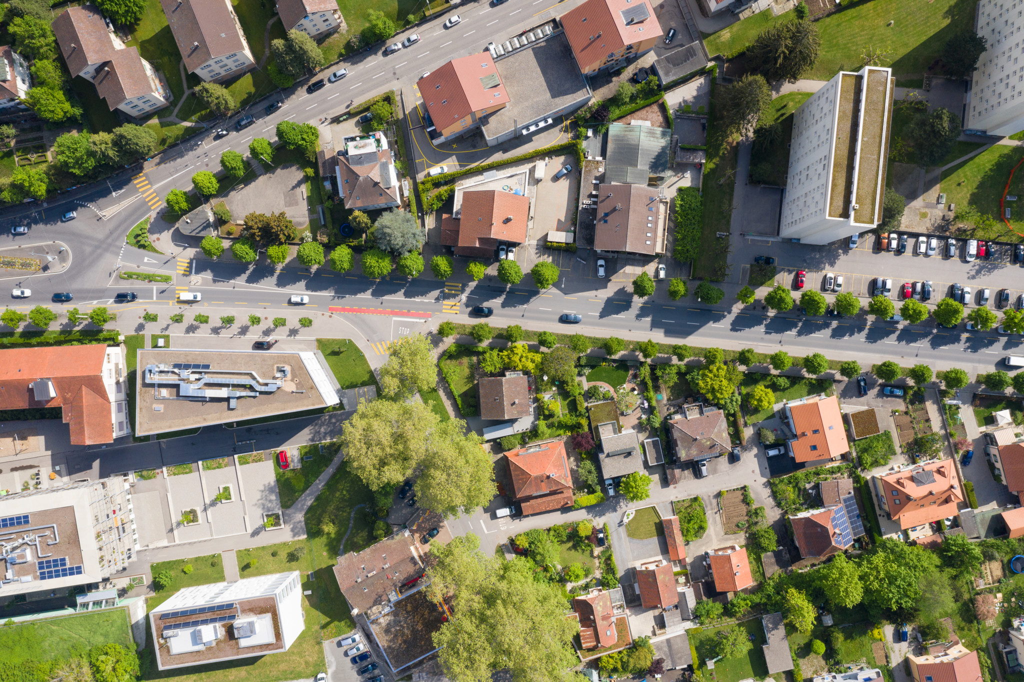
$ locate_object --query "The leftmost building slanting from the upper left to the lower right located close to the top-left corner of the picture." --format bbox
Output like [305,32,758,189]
[51,4,166,118]
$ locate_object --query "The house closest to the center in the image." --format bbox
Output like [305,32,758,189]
[479,373,530,420]
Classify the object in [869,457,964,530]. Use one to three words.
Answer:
house
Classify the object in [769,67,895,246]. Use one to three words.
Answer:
building
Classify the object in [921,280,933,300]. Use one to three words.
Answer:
vehicle
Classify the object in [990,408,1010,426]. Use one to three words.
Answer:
gazebo
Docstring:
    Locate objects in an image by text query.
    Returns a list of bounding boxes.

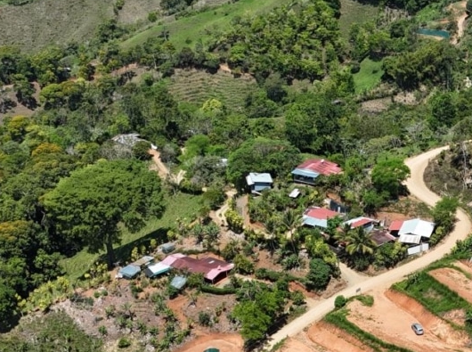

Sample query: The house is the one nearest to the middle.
[246,173,274,195]
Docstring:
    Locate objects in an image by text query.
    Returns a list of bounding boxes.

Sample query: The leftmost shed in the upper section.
[112,133,152,148]
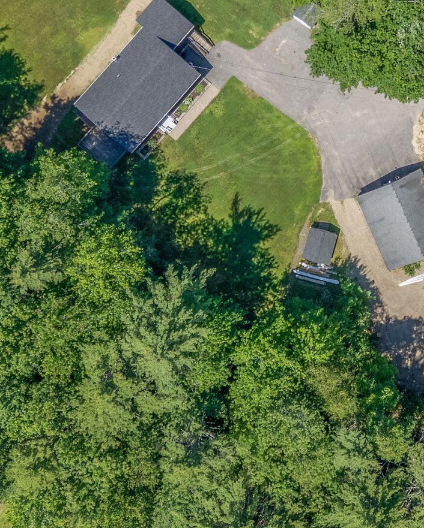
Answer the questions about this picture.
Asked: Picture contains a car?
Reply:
No
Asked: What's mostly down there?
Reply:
trees
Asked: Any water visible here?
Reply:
No
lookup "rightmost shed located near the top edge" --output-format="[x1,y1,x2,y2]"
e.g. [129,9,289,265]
[293,0,324,29]
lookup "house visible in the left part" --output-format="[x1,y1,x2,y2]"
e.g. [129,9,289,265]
[73,0,201,164]
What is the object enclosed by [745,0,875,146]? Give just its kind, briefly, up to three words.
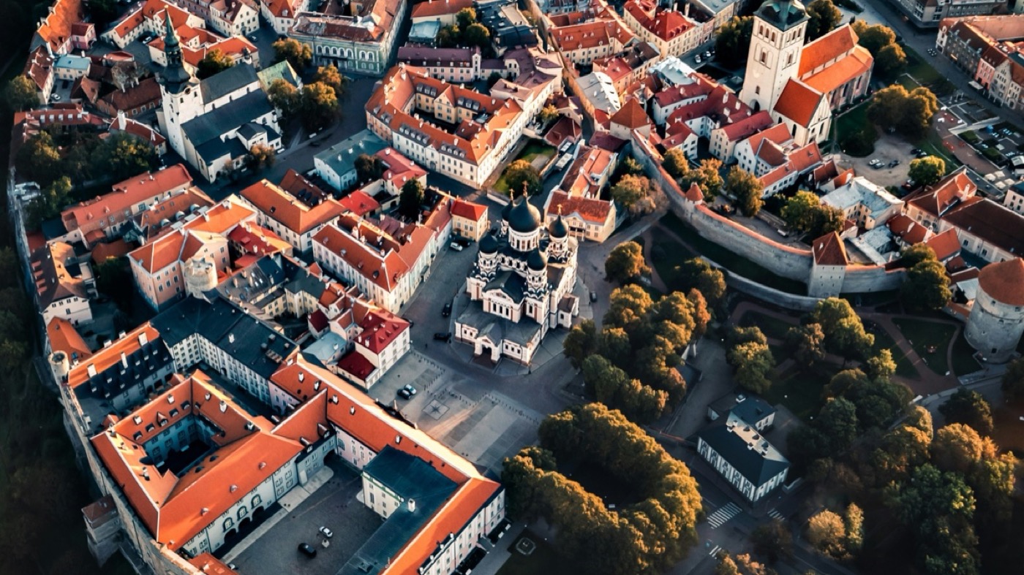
church
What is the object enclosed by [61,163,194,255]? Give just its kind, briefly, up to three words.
house
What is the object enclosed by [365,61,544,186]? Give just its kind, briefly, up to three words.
house
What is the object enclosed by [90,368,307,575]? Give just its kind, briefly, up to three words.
building
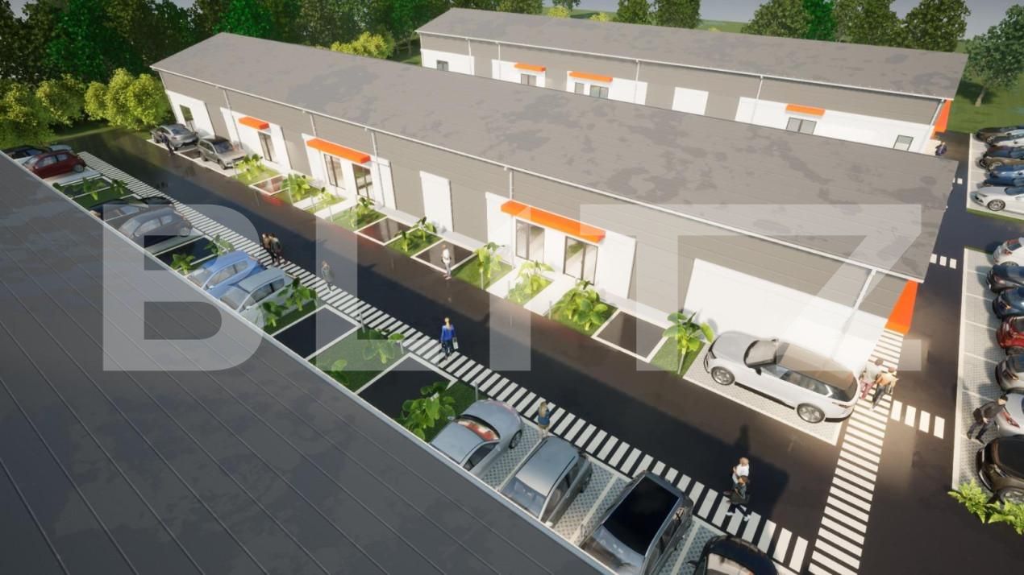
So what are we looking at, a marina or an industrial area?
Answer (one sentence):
What you see here is an industrial area.
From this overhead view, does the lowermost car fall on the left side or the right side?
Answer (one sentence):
The lowermost car is on the right side of the image.
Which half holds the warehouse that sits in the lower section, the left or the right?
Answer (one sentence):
The warehouse that sits in the lower section appears in the left half of the scene.
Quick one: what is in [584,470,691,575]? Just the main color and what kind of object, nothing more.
black car
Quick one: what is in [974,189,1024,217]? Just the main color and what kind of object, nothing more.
white car
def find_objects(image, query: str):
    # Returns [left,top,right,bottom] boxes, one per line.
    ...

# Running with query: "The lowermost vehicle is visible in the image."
[696,537,784,575]
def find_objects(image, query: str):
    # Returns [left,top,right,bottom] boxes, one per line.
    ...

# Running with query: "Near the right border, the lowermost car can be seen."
[978,434,1024,501]
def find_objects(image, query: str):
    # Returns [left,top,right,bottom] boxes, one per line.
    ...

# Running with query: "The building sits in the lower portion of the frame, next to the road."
[0,148,632,575]
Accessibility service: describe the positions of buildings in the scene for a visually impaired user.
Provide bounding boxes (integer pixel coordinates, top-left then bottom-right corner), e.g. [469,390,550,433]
[0,148,632,575]
[151,32,960,377]
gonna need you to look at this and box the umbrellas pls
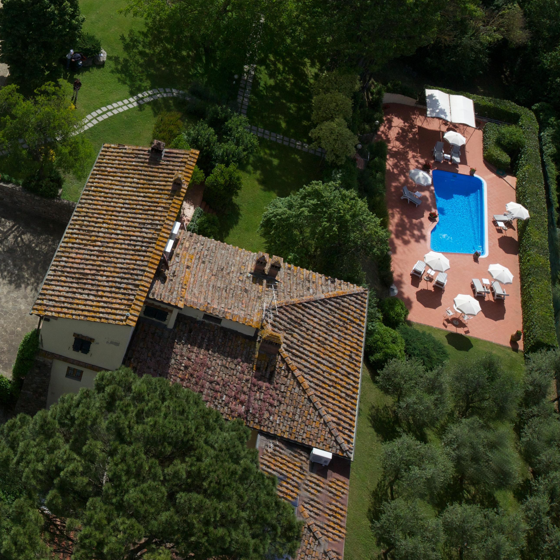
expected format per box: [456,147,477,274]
[445,128,470,156]
[501,202,529,232]
[407,165,433,193]
[453,294,482,326]
[485,264,513,295]
[423,251,451,282]

================================

- Task statement: For every line of the material above that contains the word "Asked", show the line.

- Task answer:
Asked: Picture contains a car?
Asked: What's mostly down there?
Asked: Any water visible here?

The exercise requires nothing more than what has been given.